С этим твердым намерением и выехал Федотов в штаб армии, куда его, начальника штаба и начальника политотдела дивизии вызывали на совещание.
Светлый, просторный зал школы села Ворскла, где размещался штаб армии, был сплошь заставлен рядами столов, на которых лежали свеженькие, очевидно только что склеенные, топографические карты, стопки белой бумаги и коробки цветных карандашей. Над каждым столом темнел четко выписанный на белом прямоугольнике номер корпуса или дивизии. Почти все места были уже заняты генералами и офицерами, но в зале стояла удивительная, совсем не привычная для таких собраний тишина.
«Это скорее экзамены академические, а не совещание», — осматриваясь, подумал Федотов.
Едва успел он занять свое место, как позади послышался шум отодвигаемых стульев и в проходе между рядами показались Ватутин и Хрущев. За ними шли командующий и член Военного Совета армии, командиры корпусов, генералы армейского управления.
Ватутин шагал твердо, строго и сосредоточенно глядя прямо перед собой. На его обветренном, округлом лице залегли упрямые морщины. У покрытого красным сукном стола он резко повернулся, из-под опущенных бровей строгим взглядом окинул собравшихся и, не меняя все того же строгого выражения на лице, поздоровался.
Услышав разнобойный ответ генералов и офицеров, Ватутин еще ниже опустил густые изогнутые брови. Его широкие ноздри дрогнули, тонкие губы сжались, и гневно блеснули глаза.
— Отвыкло большое начальство от строевой выучки, совсем отвыкло, — присаживаясь к столу, рассмеялся Хрущев. — Видать, нужна тренировка.
— Несомненно, — хмуро проговорил Ватутин, — и не только в строевой выучке.
Взмахом руки он разрешил генералам и офицерам сесть, а сам, продолжая стоять, заговорил прежним властным голосом:
— Сейчас вы получите выписки из оперативной директивы армии, где указаны боевые задачи каждого корпуса и дивизии. Все изучить, обдумать, оценить и принять решение каждый за свое соединение. На эту работу — два часа. Имейте в виду, — помолчав, добавил Ватутин, — Верховное Главнокомандование таким занятиям придает особое значение. Я хочу, чтобы каждый из вас уехал отсюда, имея полную ясность о характере предстоящих действий.
«Настоящий экзамен, только совсем не академический», — прочитав выписку из оперативной директивы, подумал Федотов.
Думая так, Федотов понимал, что дело не только в том, что здесь приходится выступать не перед группой академических преподавателей, а перед командованием фронта — суровым Ватутиным и требовательным Хрущевым, — но главное в том, что теперь приходится решать именно за свою собственную дивизию, точно такого же состава, какой она имеет, и расположенную на той же местности, где находится сейчас.
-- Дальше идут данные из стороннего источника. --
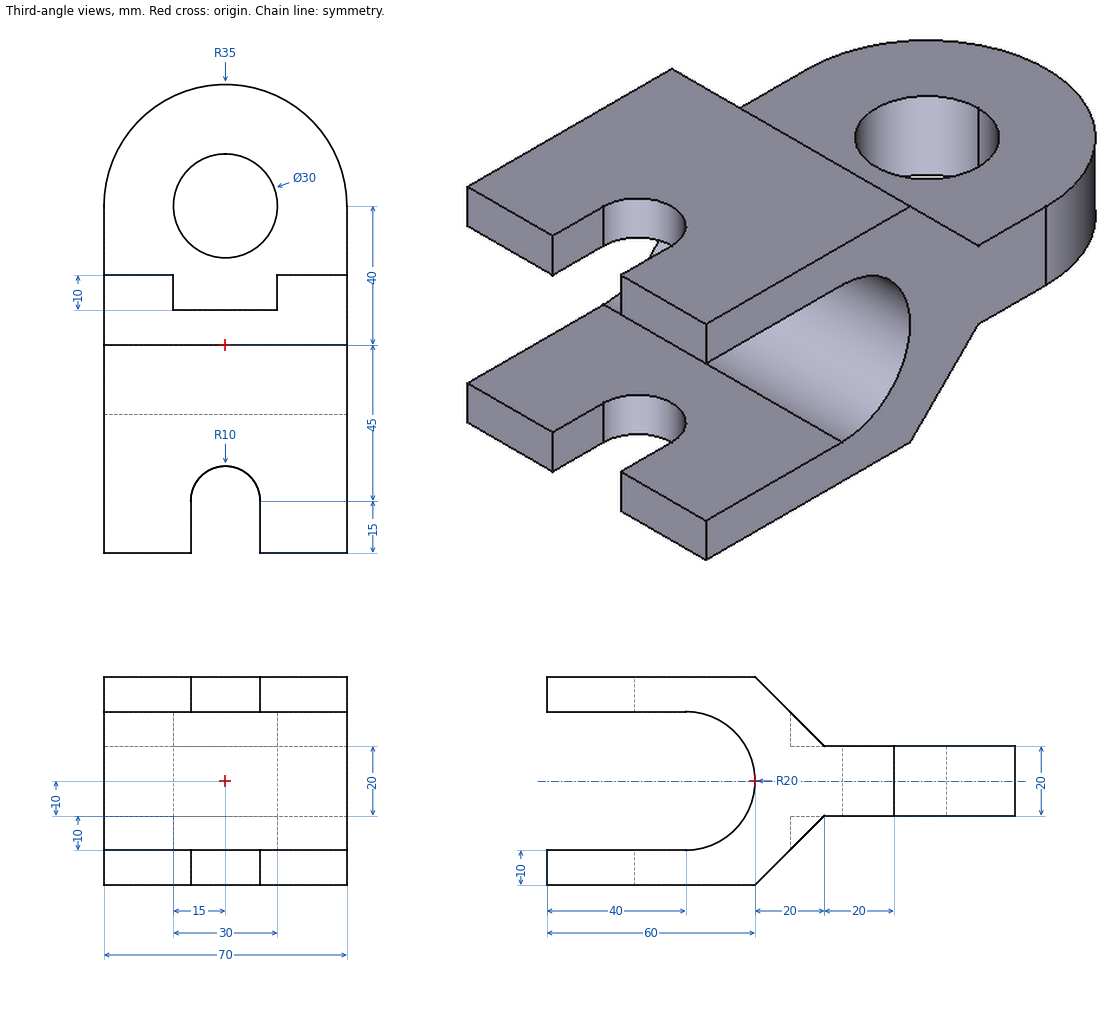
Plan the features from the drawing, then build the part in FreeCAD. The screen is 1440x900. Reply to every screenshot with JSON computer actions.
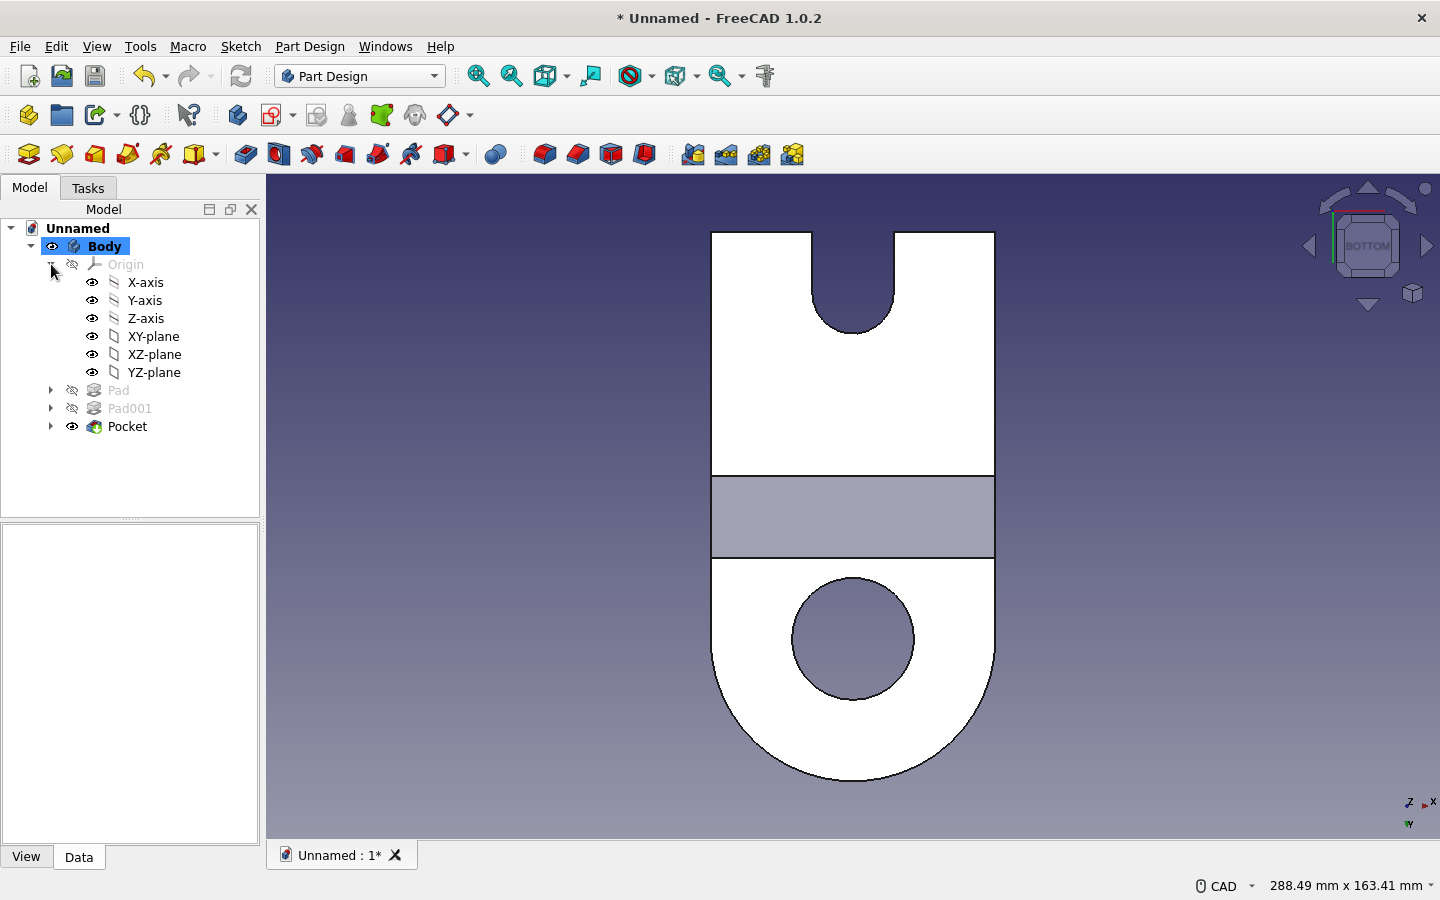
{"action": "left_click", "coordinate": [137, 354]}

Разница по сравнению с теперешним положением дивизии была лишь в том, что на усиление вместо одного истребительно-противотанкового артиллерийского полка дивизия получала истребительно-противотанковую бригаду и два отдельных полка — гаубичный и пушечный, инженерно-саперную бригаду, целый танковый полк и три полка реактивных минометов. Никогда еще — ни во время учебы в академии, ни на многочисленных учениях и маневрах — Федотову не приходилось встречаться с таким огромным количеством средств усиления, придаваемых одной стрелковой дивизии.